• Source records:
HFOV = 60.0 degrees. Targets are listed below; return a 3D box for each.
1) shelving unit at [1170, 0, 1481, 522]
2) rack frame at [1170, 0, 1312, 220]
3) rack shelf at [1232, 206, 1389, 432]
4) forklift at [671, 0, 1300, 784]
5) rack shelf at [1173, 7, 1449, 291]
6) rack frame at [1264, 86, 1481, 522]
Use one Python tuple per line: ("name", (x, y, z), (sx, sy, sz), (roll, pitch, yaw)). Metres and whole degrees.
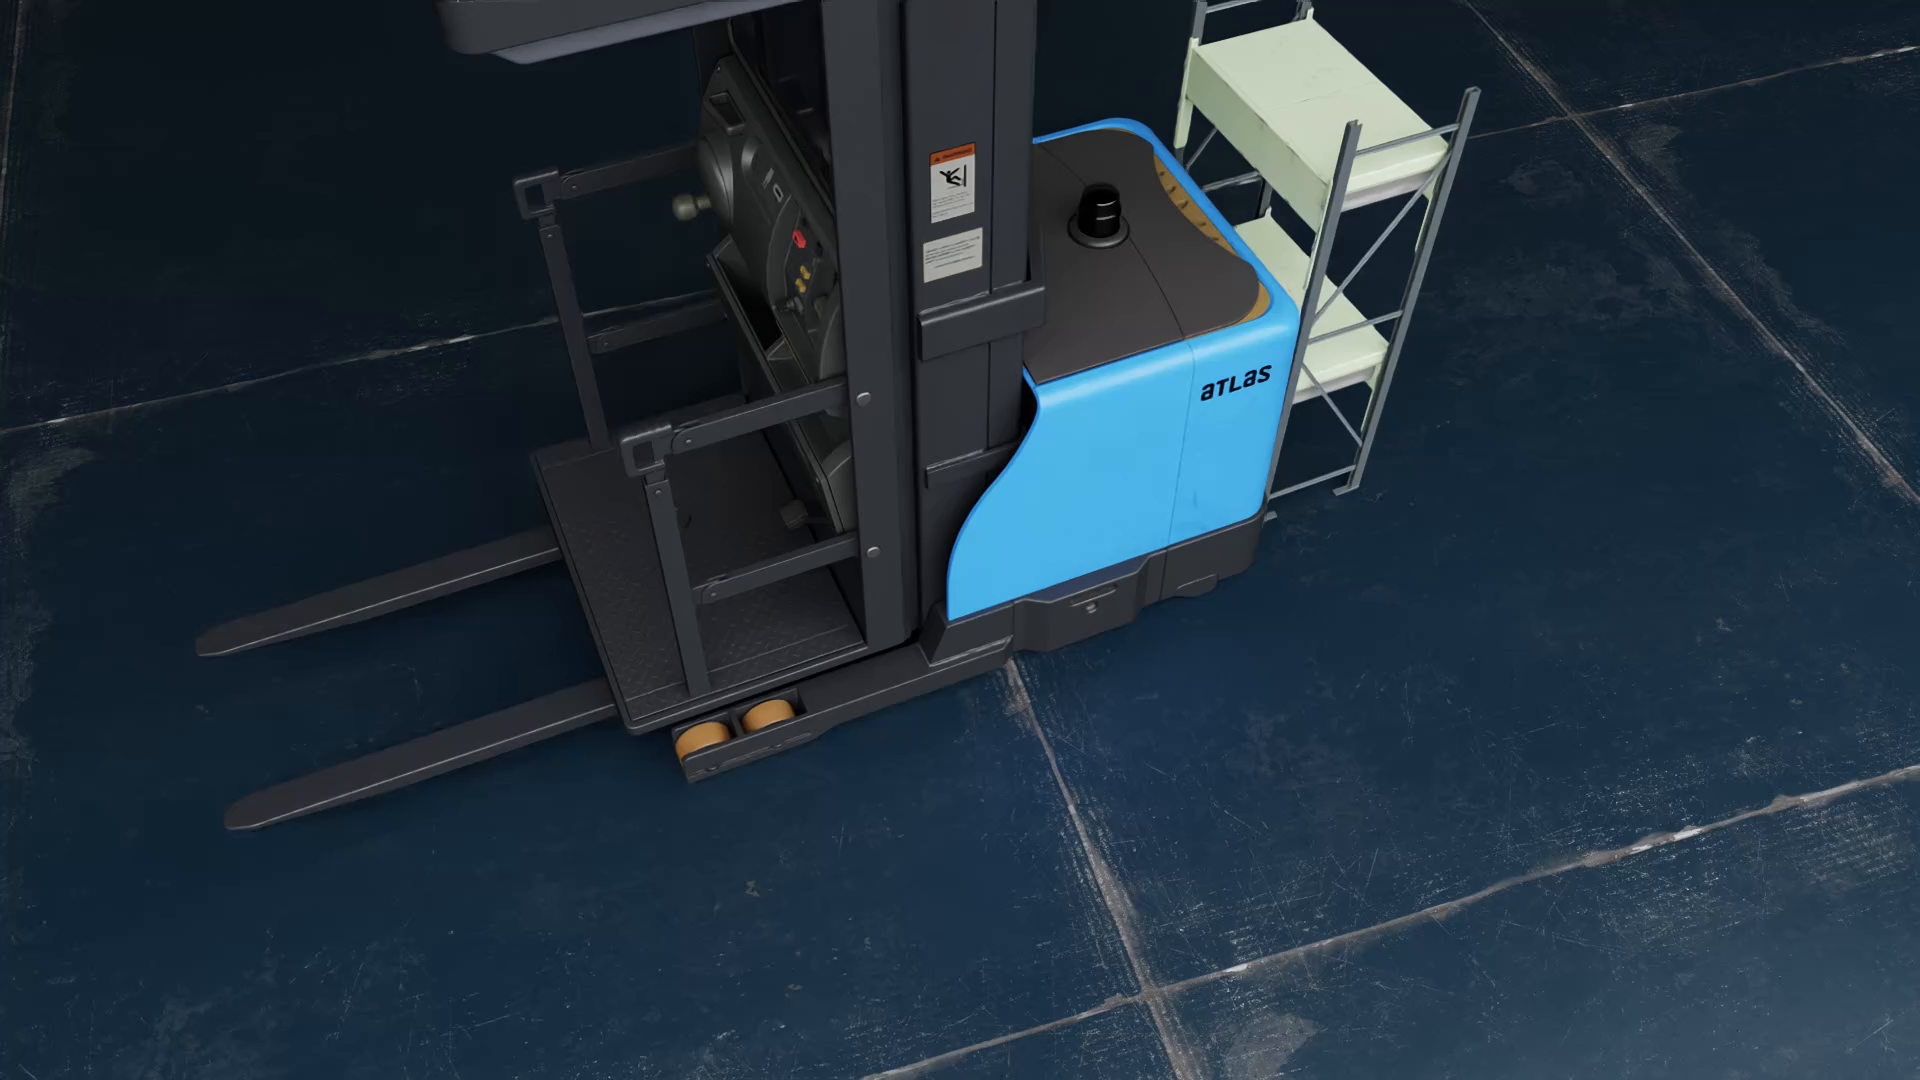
("shelving unit", (0.971, -0.859, 4.983), (0.431, 1.500, 0.755), (-19, 52, -17))
("rack frame", (0.814, -1.112, 5.196), (0.400, 1.500, 0.023), (-19, 52, -17))
("rack shelf", (0.962, -0.645, 5.230), (0.431, 0.370, 0.720), (-19, 52, -17))
("forklift", (-0.650, -0.739, 3.956), (3.031, 2.935, 1.130), (-18, 52, -15))
("rack shelf", (0.982, -1.114, 4.689), (0.431, 0.370, 0.720), (-19, 52, -17))
("rack frame", (1.128, -0.606, 4.770), (0.400, 1.500, 0.023), (-19, 52, -17))

• Work request: Exactly the lines from the one that contains "1) shelving unit at [1170, 0, 1481, 522]" through the final line of the records above are needed, given again word for word, with every picture left out.

• Problem solution:
1) shelving unit at [1170, 0, 1481, 522]
2) rack frame at [1170, 0, 1312, 220]
3) rack shelf at [1232, 206, 1389, 432]
4) forklift at [671, 0, 1300, 784]
5) rack shelf at [1173, 7, 1449, 291]
6) rack frame at [1264, 86, 1481, 522]
Use one Python tuple per line: ("name", (x, y, z), (sx, sy, sz), (roll, pitch, yaw)). Metres and whole degrees.
("shelving unit", (0.971, -0.859, 4.983), (0.431, 1.500, 0.755), (-19, 52, -17))
("rack frame", (0.814, -1.112, 5.196), (0.400, 1.500, 0.023), (-19, 52, -17))
("rack shelf", (0.962, -0.645, 5.230), (0.431, 0.370, 0.720), (-19, 52, -17))
("forklift", (-0.650, -0.739, 3.956), (3.031, 2.935, 1.130), (-18, 52, -15))
("rack shelf", (0.982, -1.114, 4.689), (0.431, 0.370, 0.720), (-19, 52, -17))
("rack frame", (1.128, -0.606, 4.770), (0.400, 1.500, 0.023), (-19, 52, -17))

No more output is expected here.